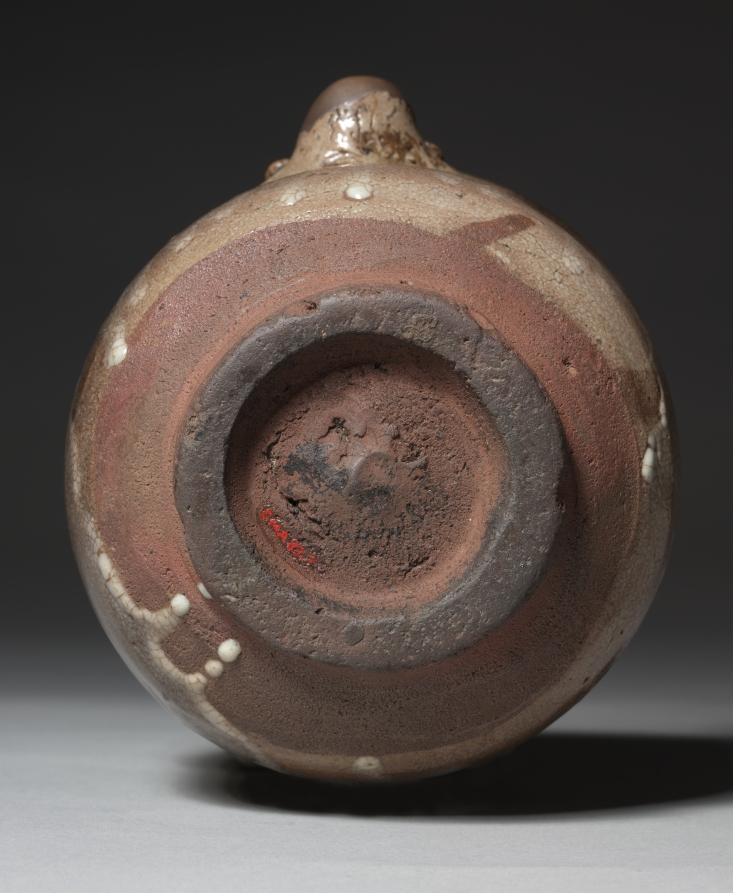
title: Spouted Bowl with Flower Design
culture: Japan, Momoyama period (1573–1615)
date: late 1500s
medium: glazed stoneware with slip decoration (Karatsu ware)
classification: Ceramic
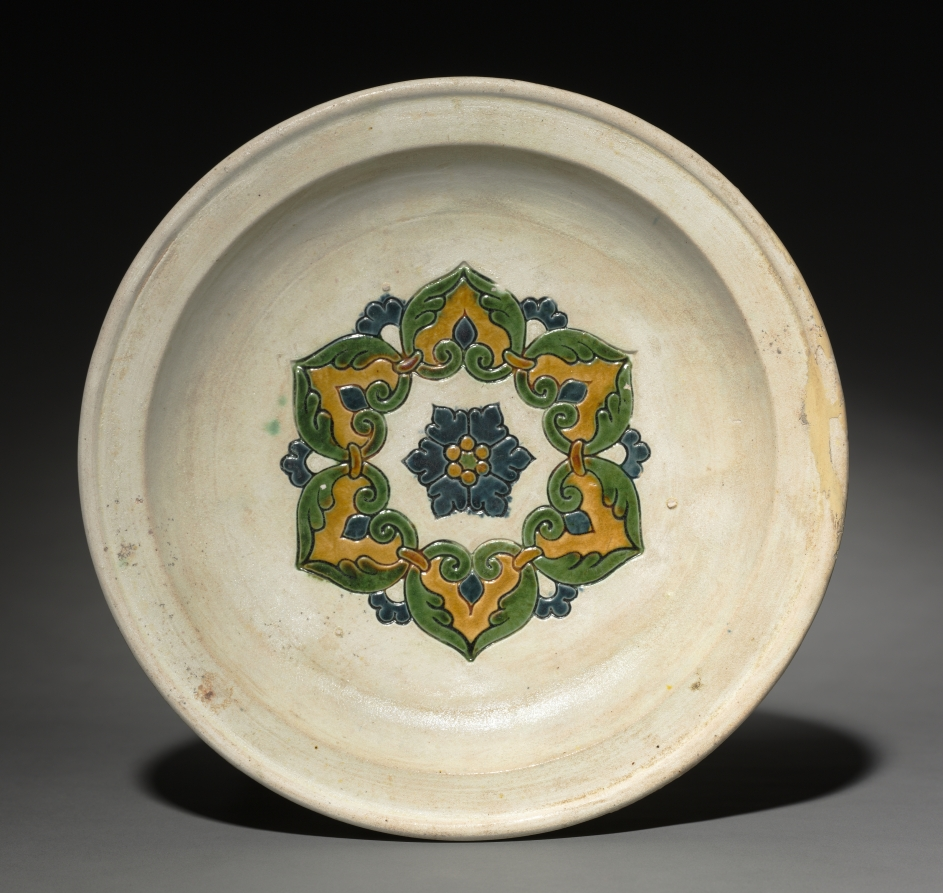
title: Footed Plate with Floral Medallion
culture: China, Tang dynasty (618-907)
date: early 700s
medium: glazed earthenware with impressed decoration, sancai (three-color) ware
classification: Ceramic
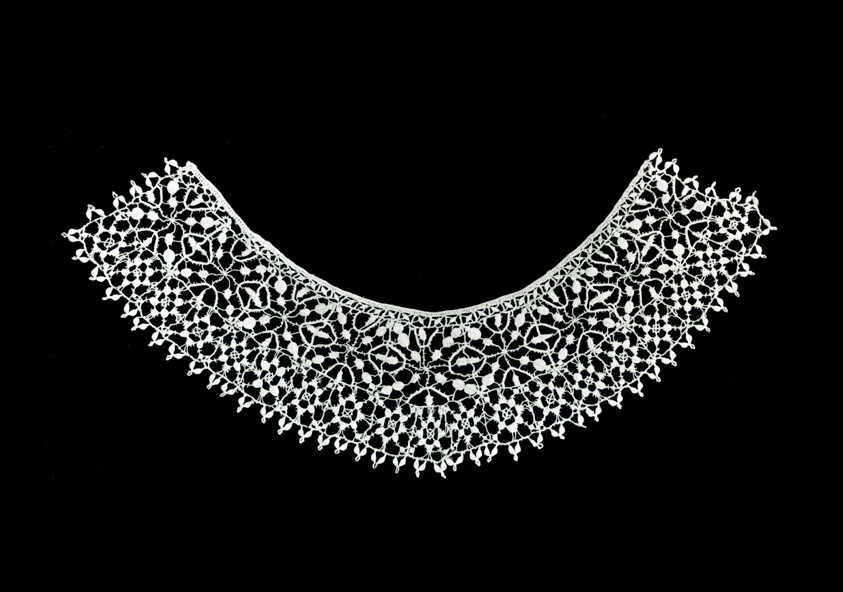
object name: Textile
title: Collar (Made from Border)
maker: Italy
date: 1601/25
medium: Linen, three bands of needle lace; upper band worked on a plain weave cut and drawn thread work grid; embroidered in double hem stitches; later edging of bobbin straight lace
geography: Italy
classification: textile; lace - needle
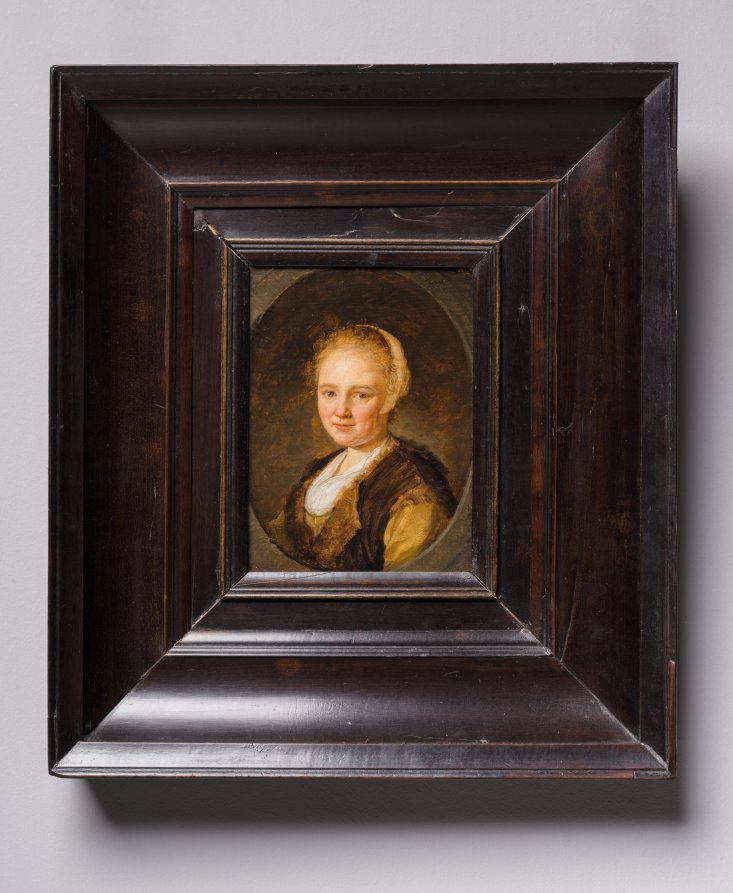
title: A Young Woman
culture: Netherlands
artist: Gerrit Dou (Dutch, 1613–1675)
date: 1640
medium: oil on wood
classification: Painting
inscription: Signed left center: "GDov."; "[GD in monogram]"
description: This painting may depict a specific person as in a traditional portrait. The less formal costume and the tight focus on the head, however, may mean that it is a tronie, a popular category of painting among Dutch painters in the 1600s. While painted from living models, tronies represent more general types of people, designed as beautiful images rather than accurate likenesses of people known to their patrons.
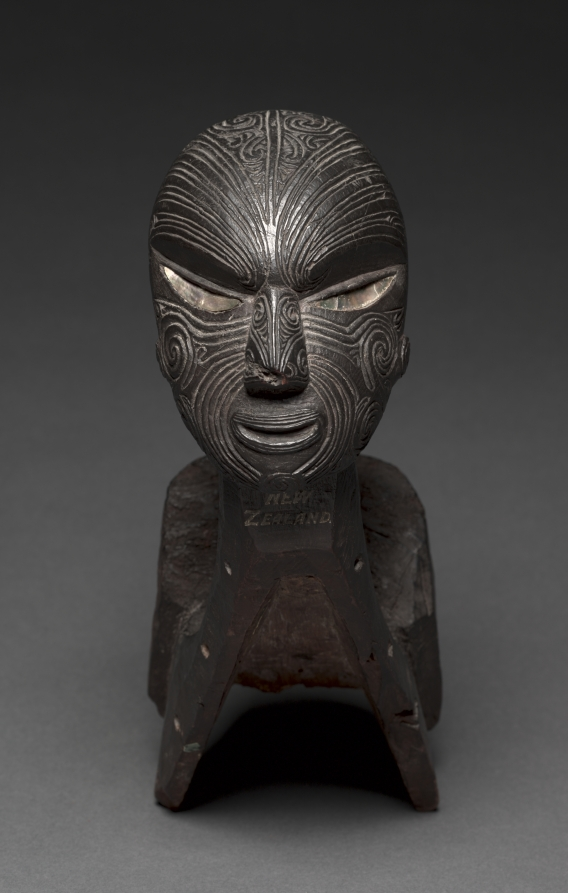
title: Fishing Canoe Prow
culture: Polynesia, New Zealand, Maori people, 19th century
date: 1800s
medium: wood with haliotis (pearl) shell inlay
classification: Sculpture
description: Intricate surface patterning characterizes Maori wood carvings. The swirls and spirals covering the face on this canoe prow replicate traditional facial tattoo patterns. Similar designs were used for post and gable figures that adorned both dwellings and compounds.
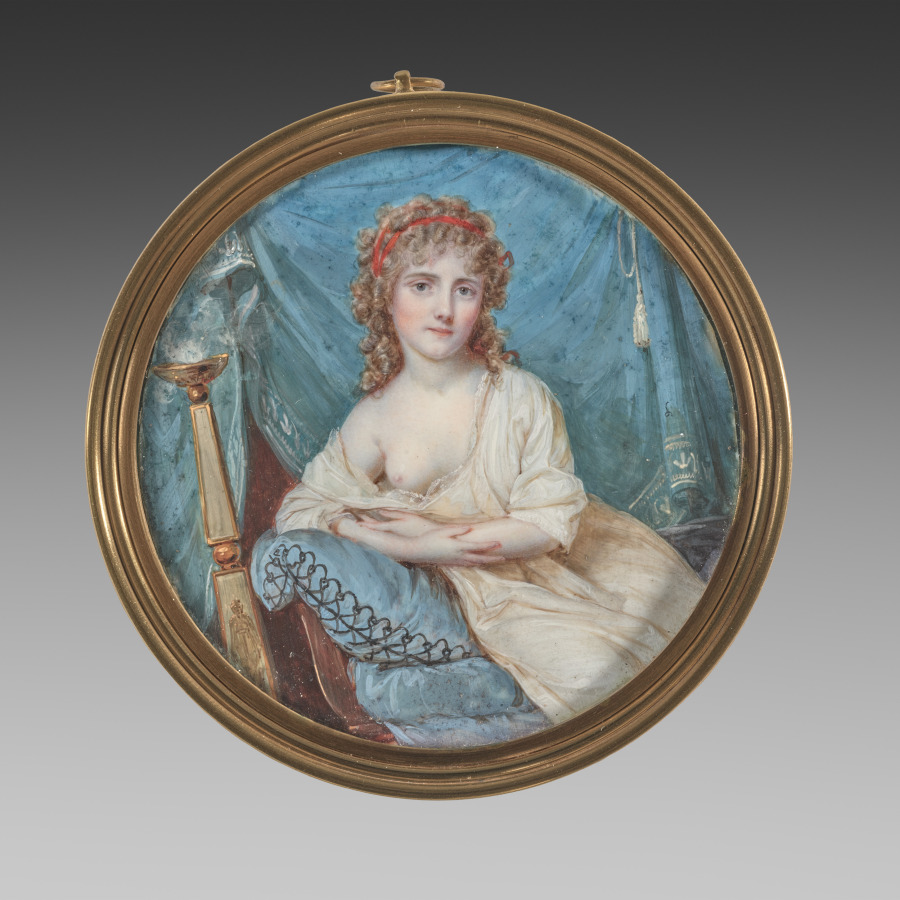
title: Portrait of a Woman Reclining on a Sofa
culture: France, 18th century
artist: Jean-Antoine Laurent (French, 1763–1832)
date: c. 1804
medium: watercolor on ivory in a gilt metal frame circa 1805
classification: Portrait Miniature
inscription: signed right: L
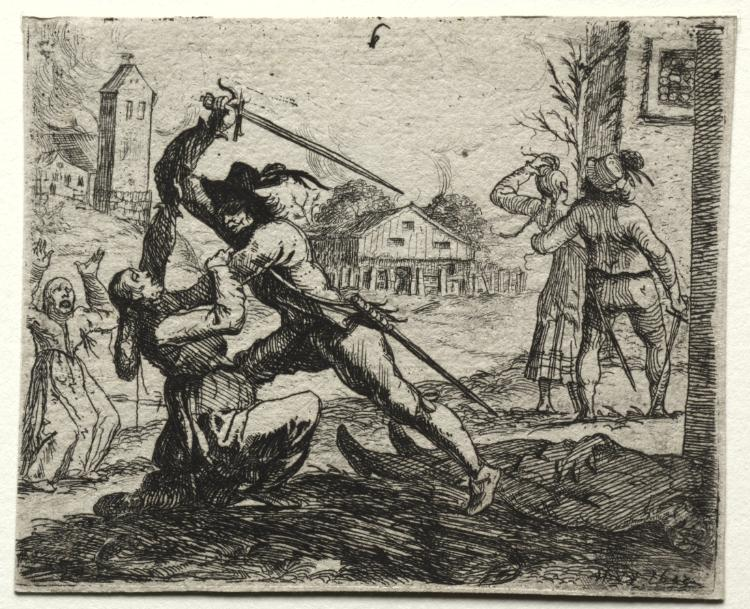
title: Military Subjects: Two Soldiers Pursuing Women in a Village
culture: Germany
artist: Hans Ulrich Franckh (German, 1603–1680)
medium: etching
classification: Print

● ● ●

## [Task to complete]
Write out the entries again, exactly as given, skipping any images.

## [Answer section]
title: Spouted Bowl with Flower Design
culture: Japan, Momoyama period (1573–1615)
date: late 1500s
medium: glazed stoneware with slip decoration (Karatsu ware)
classification: Ceramic
title: Footed Plate with Floral Medallion
culture: China, Tang dynasty (618-907)
date: early 700s
medium: glazed earthenware with impressed decoration, sancai (three-color) ware
classification: Ceramic
object name: Textile
title: Collar (Made from Border)
maker: Italy
date: 1601/25
medium: Linen, three bands of needle lace; upper band worked on a plain weave cut and drawn thread work grid; embroidered in double hem stitches; later edging of bobbin straight lace
geography: Italy
classification: textile; lace - needle
title: A Young Woman
culture: Netherlands
artist: Gerrit Dou (Dutch, 1613–1675)
date: 1640
medium: oil on wood
classification: Painting
inscription: Signed left center: "GDov."; "[GD in monogram]"
description: This painting may depict a specific person as in a traditional portrait. The less formal costume and the tight focus on the head, however, may mean that it is a tronie, a popular category of painting among Dutch painters in the 1600s. While painted from living models, tronies represent more general types of people, designed as beautiful images rather than accurate likenesses of people known to their patrons.
title: Fishing Canoe Prow
culture: Polynesia, New Zealand, Maori people, 19th century
date: 1800s
medium: wood with haliotis (pearl) shell inlay
classification: Sculpture
description: Intricate surface patterning characterizes Maori wood carvings. The swirls and spirals covering the face on this canoe prow replicate traditional facial tattoo patterns. Similar designs were used for post and gable figures that adorned both dwellings and compounds.
title: Portrait of a Woman Reclining on a Sofa
culture: France, 18th century
artist: Jean-Antoine Laurent (French, 1763–1832)
date: c. 1804
medium: watercolor on ivory in a gilt metal frame circa 1805
classification: Portrait Miniature
inscription: signed right: L
title: Military Subjects: Two Soldiers Pursuing Women in a Village
culture: Germany
artist: Hans Ulrich Franckh (German, 1603–1680)
medium: etching
classification: Print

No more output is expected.